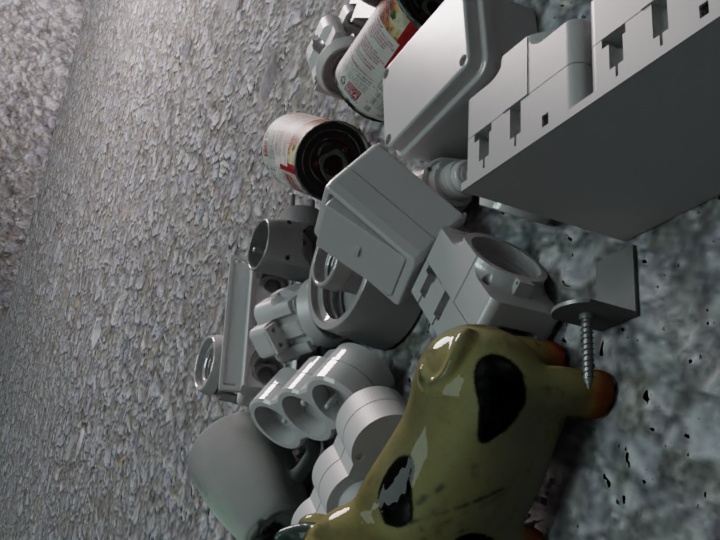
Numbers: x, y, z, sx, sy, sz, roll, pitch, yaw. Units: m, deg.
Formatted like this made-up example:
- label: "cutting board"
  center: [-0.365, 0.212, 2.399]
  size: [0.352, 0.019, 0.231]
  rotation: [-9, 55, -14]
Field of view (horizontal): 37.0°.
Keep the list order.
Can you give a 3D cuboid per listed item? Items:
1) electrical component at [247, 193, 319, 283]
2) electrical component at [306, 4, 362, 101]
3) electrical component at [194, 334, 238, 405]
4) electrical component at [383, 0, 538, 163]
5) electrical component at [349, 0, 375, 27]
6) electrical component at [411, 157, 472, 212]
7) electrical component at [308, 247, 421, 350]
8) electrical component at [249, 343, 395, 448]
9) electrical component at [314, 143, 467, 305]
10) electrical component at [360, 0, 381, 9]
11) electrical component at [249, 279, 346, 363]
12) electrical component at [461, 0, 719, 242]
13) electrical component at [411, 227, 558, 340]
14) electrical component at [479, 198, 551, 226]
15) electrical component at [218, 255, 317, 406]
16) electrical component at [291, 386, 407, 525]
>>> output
- label: "electrical component"
  center: [-0.049, -0.028, 0.896]
  size: [0.043, 0.077, 0.079]
  rotation: [-40, 42, 51]
- label: "electrical component"
  center: [-0.012, -0.181, 0.928]
  size: [0.078, 0.058, 0.057]
  rotation: [-61, 25, 27]
- label: "electrical component"
  center: [-0.119, 0.092, 1.001]
  size: [0.058, 0.057, 0.078]
  rotation: [-64, 27, 23]
- label: "electrical component"
  center: [0.066, -0.129, 0.734]
  size: [0.113, 0.057, 0.078]
  rotation: [-42, 41, 49]
- label: "electrical component"
  center: [0.029, -0.226, 0.884]
  size: [0.081, 0.042, 0.063]
  rotation: [30, 100, 64]
- label: "electrical component"
  center: [0.059, -0.057, 0.729]
  size: [0.078, 0.040, 0.040]
  rotation: [-21, 58, 61]
- label: "electrical component"
  center: [0.000, 0.000, 0.794]
  size: [0.108, 0.060, 0.108]
  rotation: [-39, 43, 49]
- label: "electrical component"
  center: [-0.021, 0.085, 0.808]
  size: [0.138, 0.052, 0.073]
  rotation: [-27, 17, 52]
- label: "electrical component"
  center: [0.021, -0.024, 0.713]
  size: [0.061, 0.096, 0.061]
  rotation: [-42, -15, -28]
- label: "electrical component"
  center: [0.041, -0.243, 0.802]
  size: [0.099, 0.099, 0.064]
  rotation: [-34, 41, 55]
- label: "electrical component"
  center: [-0.042, 0.038, 0.858]
  size: [0.057, 0.078, 0.058]
  rotation: [-20, 101, 39]
- label: "electrical component"
  center: [0.142, -0.084, 0.493]
  size: [0.186, 0.105, 0.060]
  rotation: [-33, 48, 55]
- label: "electrical component"
  center: [0.075, 0.015, 0.644]
  size: [0.055, 0.050, 0.089]
  rotation: [-65, 27, 22]
- label: "electrical component"
  center: [0.096, -0.073, 0.657]
  size: [0.079, 0.043, 0.077]
  rotation: [27, 101, 64]
- label: "electrical component"
  center: [-0.078, 0.053, 0.920]
  size: [0.063, 0.079, 0.121]
  rotation: [118, 157, -62]
- label: "electrical component"
  center: [0.002, 0.154, 0.720]
  size: [0.138, 0.052, 0.073]
  rotation: [-67, 26, 18]
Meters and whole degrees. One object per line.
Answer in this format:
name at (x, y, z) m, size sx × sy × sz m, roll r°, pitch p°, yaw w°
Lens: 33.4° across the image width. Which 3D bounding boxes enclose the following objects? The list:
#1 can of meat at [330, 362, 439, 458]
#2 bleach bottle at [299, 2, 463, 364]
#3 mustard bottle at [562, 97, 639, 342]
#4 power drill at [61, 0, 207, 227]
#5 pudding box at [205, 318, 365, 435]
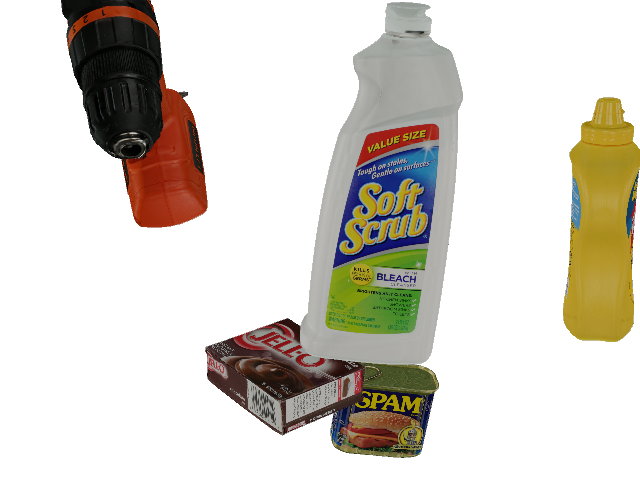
can of meat at (0.064, 0.176, 1.111) m, size 0.102 × 0.084 × 0.057 m, roll 7°, pitch 20°, yaw -8°
bleach bottle at (0.043, -0.039, 0.751) m, size 0.102 × 0.251 × 0.068 m, roll 5°, pitch 20°, yaw 3°
mustard bottle at (0.231, -0.021, 0.872) m, size 0.058 × 0.192 × 0.096 m, roll 3°, pitch 19°, yaw 16°
power drill at (-0.114, -0.088, 0.671) m, size 0.057 × 0.184 × 0.187 m, roll -10°, pitch -32°, yaw -3°
pudding box at (-0.031, 0.113, 0.908) m, size 0.089 × 0.039 × 0.114 m, roll -18°, pitch 32°, yaw -34°
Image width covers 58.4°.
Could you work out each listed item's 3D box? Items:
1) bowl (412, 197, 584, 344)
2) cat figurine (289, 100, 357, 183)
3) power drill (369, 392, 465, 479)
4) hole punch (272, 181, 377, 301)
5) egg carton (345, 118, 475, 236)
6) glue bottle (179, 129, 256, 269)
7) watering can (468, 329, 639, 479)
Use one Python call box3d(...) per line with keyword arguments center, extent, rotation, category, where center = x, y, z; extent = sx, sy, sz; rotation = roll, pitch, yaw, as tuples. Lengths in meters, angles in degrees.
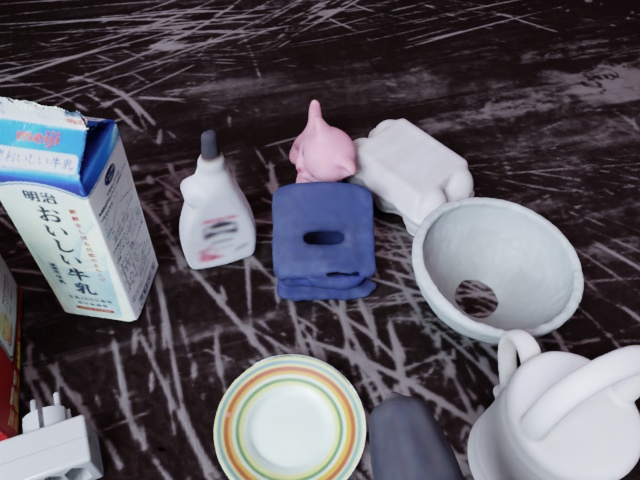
box3d(center=(0.169, 0.040, 0.579), extent=(0.167, 0.075, 0.167), rotation=(3, 52, -3), category="bowl")
box3d(center=(0.003, -0.102, 0.647), extent=(0.067, 0.118, 0.127), rotation=(-5, 53, -8), category="cat figurine")
box3d(center=(0.064, 0.232, 0.336), extent=(0.076, 0.208, 0.229), rotation=(-11, 54, -13), category="power drill")
box3d(center=(0.005, 0.002, 0.583), extent=(0.108, 0.091, 0.101), rotation=(-2, 52, -6), category="hole punch")
box3d(center=(0.101, -0.075, 0.665), extent=(0.150, 0.069, 0.107), rotation=(39, 59, 23), category="egg carton")
box3d(center=(-0.102, -0.038, 0.553), extent=(0.078, 0.173, 0.037), rotation=(-18, 56, -17), category="glue bottle")
box3d(center=(0.190, 0.141, 0.426), extent=(0.101, 0.194, 0.172), rotation=(-32, 61, -26), category="watering can")
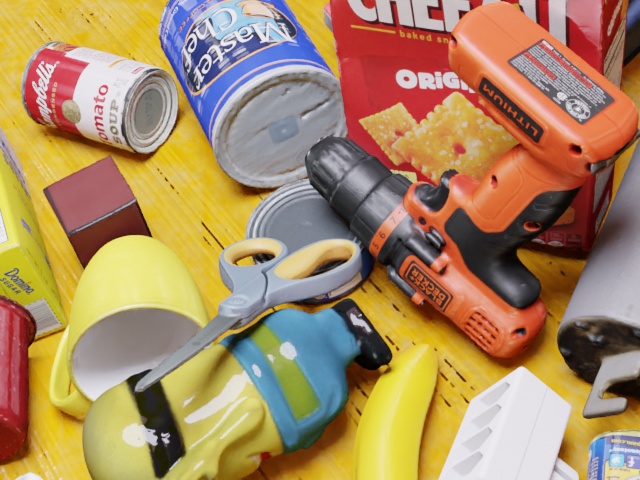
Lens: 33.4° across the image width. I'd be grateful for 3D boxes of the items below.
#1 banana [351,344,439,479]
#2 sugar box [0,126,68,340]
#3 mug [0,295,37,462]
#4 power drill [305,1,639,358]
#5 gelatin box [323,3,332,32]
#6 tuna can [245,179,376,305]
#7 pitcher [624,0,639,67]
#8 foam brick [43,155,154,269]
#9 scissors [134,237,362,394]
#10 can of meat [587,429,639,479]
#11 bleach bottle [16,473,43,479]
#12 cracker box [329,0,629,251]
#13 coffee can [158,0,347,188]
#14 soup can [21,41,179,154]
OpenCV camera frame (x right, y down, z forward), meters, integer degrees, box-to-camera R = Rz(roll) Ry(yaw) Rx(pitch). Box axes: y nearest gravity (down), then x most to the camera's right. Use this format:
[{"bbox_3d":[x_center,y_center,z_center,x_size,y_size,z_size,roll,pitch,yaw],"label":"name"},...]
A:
[{"bbox_3d":[0.049,0.142,0.586,0.069,0.037,0.198,6,50,-20],"label":"banana"},{"bbox_3d":[-0.226,-0.021,0.745,0.048,0.093,0.176,-21,50,-5],"label":"sugar box"},{"bbox_3d":[-0.223,0.082,0.647,0.093,0.117,0.081,-11,54,-1],"label":"mug"},{"bbox_3d":[0.080,-0.040,0.608,0.184,0.188,0.057,42,53,15],"label":"power drill"},{"bbox_3d":[0.057,-0.159,0.811,0.073,0.030,0.089,-36,77,-7],"label":"gelatin box"},{"bbox_3d":[-0.005,0.001,0.713,0.086,0.034,0.086,-7,50,8],"label":"tuna can"},{"bbox_3d":[0.124,-0.215,0.763,0.148,0.145,0.243,-11,54,-47],"label":"pitcher"},{"bbox_3d":[-0.145,-0.006,0.724,0.051,0.078,0.053,-28,52,-12],"label":"foam brick"},{"bbox_3d":[-0.056,0.034,0.610,0.096,0.016,0.201,14,27,40],"label":"scissors"},{"bbox_3d":[0.182,0.146,0.534,0.102,0.057,0.084,4,50,15],"label":"can of meat"},{"bbox_3d":[-0.042,0.181,0.502,0.251,0.068,0.102,28,39,16],"label":"bleach bottle"},{"bbox_3d":[0.097,-0.099,0.652,0.164,0.214,0.072,13,49,22],"label":"cracker box"},{"bbox_3d":[-0.050,-0.121,0.780,0.102,0.103,0.140,-23,50,-7],"label":"coffee can"},{"bbox_3d":[-0.169,-0.110,0.822,0.102,0.068,0.068,18,57,25],"label":"soup can"}]
+ + + + +
**REQUIREMENT**
Output exactly the span of lines from the top of the listing through the line holding "16) electrical component", and leave every picture out.

**SOLUTION TO THIS TASK**
Numbers: x, y, z, sx, sy, sz, roll, pitch, yaw. Units: m, deg.
Formatted like this made-up example:
- label: "cutting board"
  center: [-0.365, 0.212, 2.399]
  size: [0.352, 0.019, 0.231]
  rotation: [-9, 55, -14]
Field of view (horizontal): 37.0°.
Keep the list order.
Can you give a 3D cuboid per listed item? Items:
1) electrical component at [247, 193, 319, 283]
2) electrical component at [306, 4, 362, 101]
3) electrical component at [194, 334, 238, 405]
4) electrical component at [383, 0, 538, 163]
5) electrical component at [349, 0, 375, 27]
6) electrical component at [411, 157, 472, 212]
7) electrical component at [308, 247, 421, 350]
8) electrical component at [249, 343, 395, 448]
9) electrical component at [314, 143, 467, 305]
10) electrical component at [360, 0, 381, 9]
11) electrical component at [249, 279, 346, 363]
12) electrical component at [461, 0, 719, 242]
13) electrical component at [411, 227, 558, 340]
14) electrical component at [479, 198, 551, 226]
15) electrical component at [218, 255, 317, 406]
16) electrical component at [291, 386, 407, 525]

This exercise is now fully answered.